According to recent data released by the Vulnerable 20 group …
Unabated climate change will cause 3.4 million deaths per year by the end of the Century, new data presented to COP27 today shows. Health-related deaths of the over-65s will increase by 1,540 percent, and in India alone there will be 1 million additional heat-related deaths by 2090, if no action to limit warming is taken, the data shows.
The data is part of the ‘Health Data Explorer’, published today and commissioned by the Lancet Countdown and the Climate Vulnerable Forum, a group of 68 developing countries highly vulnerable to climate heating.
The Health Data Explorer outlines the catastrophic health consequences of climate inaction, and the major health gains that would arise from taking urgent measures to limit global temperature rise to 1.5°C.
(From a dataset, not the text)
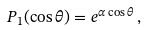<formula> <loc_0><loc_0><loc_500><loc_500>P _ { 1 } ( \cos { \theta } ) = e ^ { \alpha \cos { \theta } } \, ,</formula> 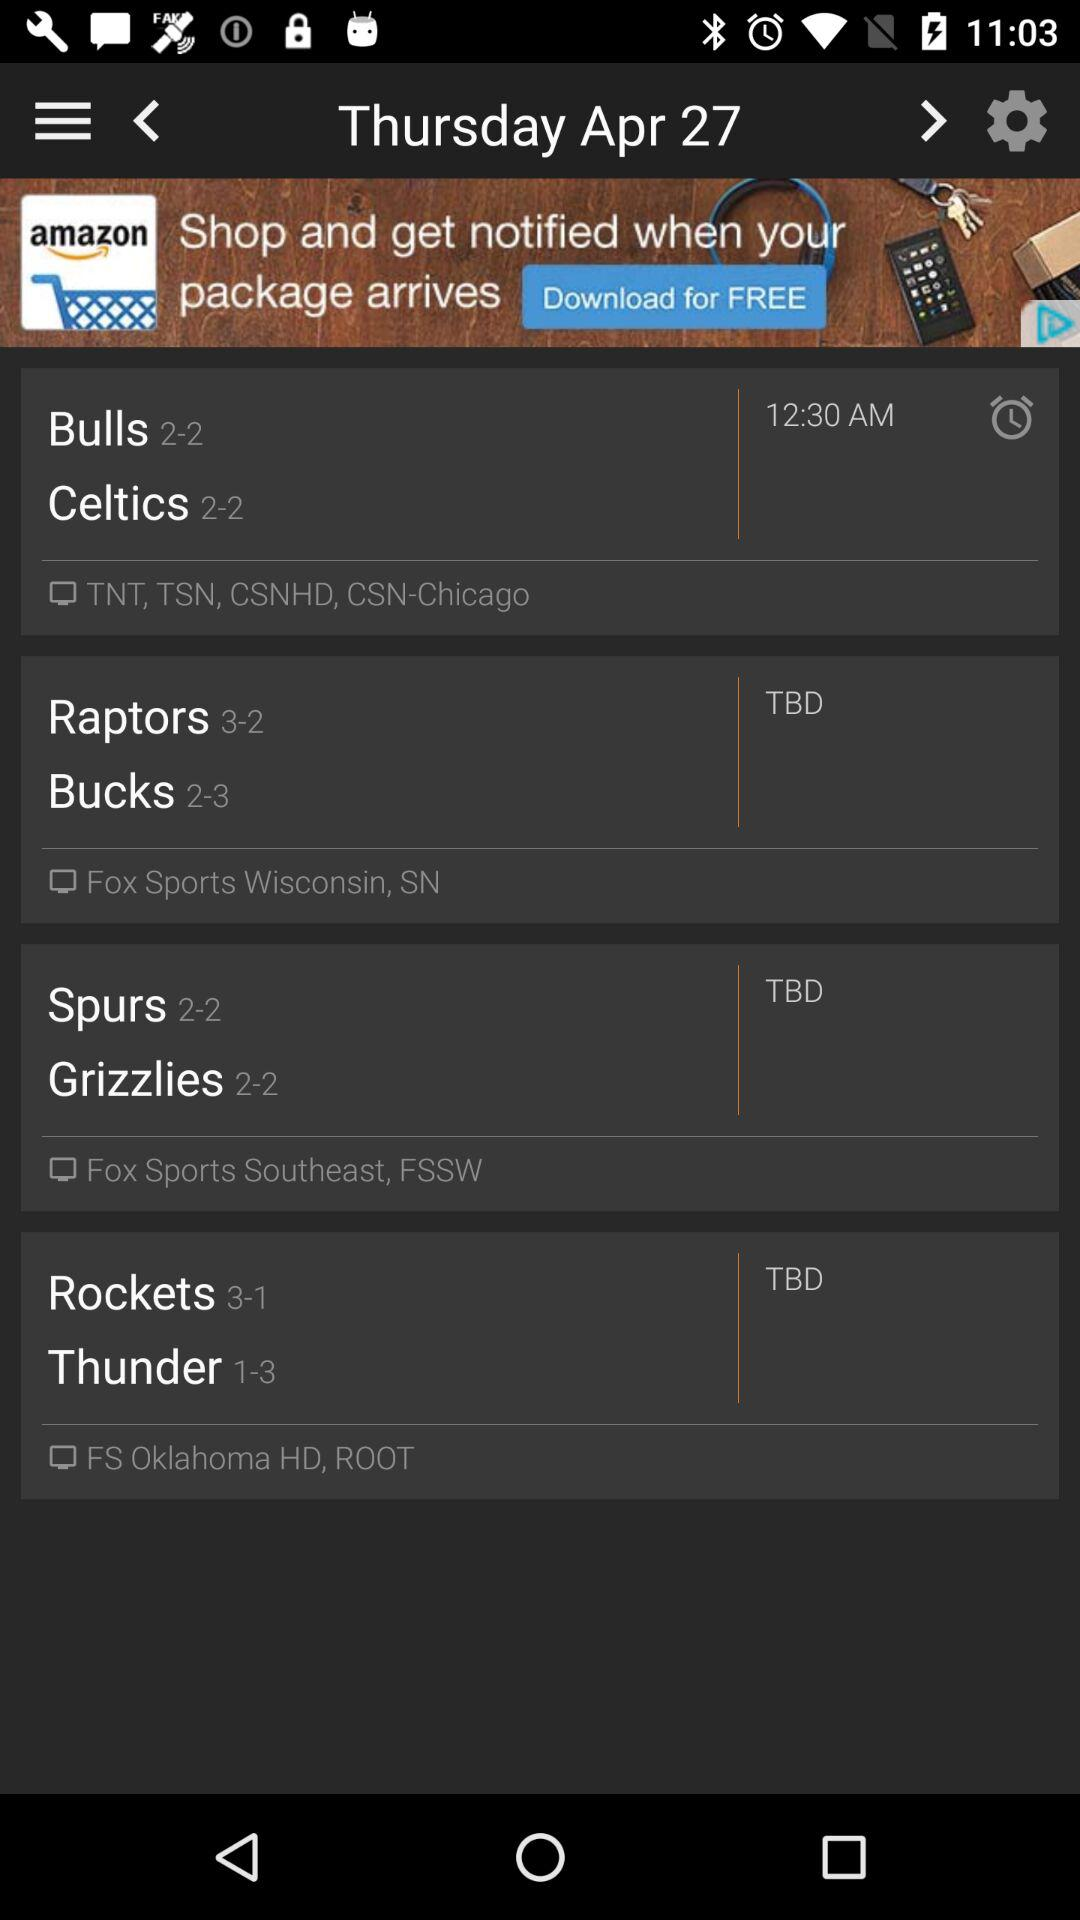What is the given time? The given time is 12:30 AM.

If the world managed to meet the 1.5°C target, 91 percent of the projected 3.4 million deaths would be avoided. If climate heating overshoots 1.5 °C but is limited to 2°C, the number of deaths avoided drops to 50% — underscoring how crucial it is to limit global warming to 1.5°C.
Considering the level of destruction and fatality caused by ceaseless fossil fuel extraction and use, doesn’t this amount to a global crime worth a trial in the International Criminal Court? When do we start having that conversation? When do we start filing those complaints? Why weren’t petrostate executives served at COP28?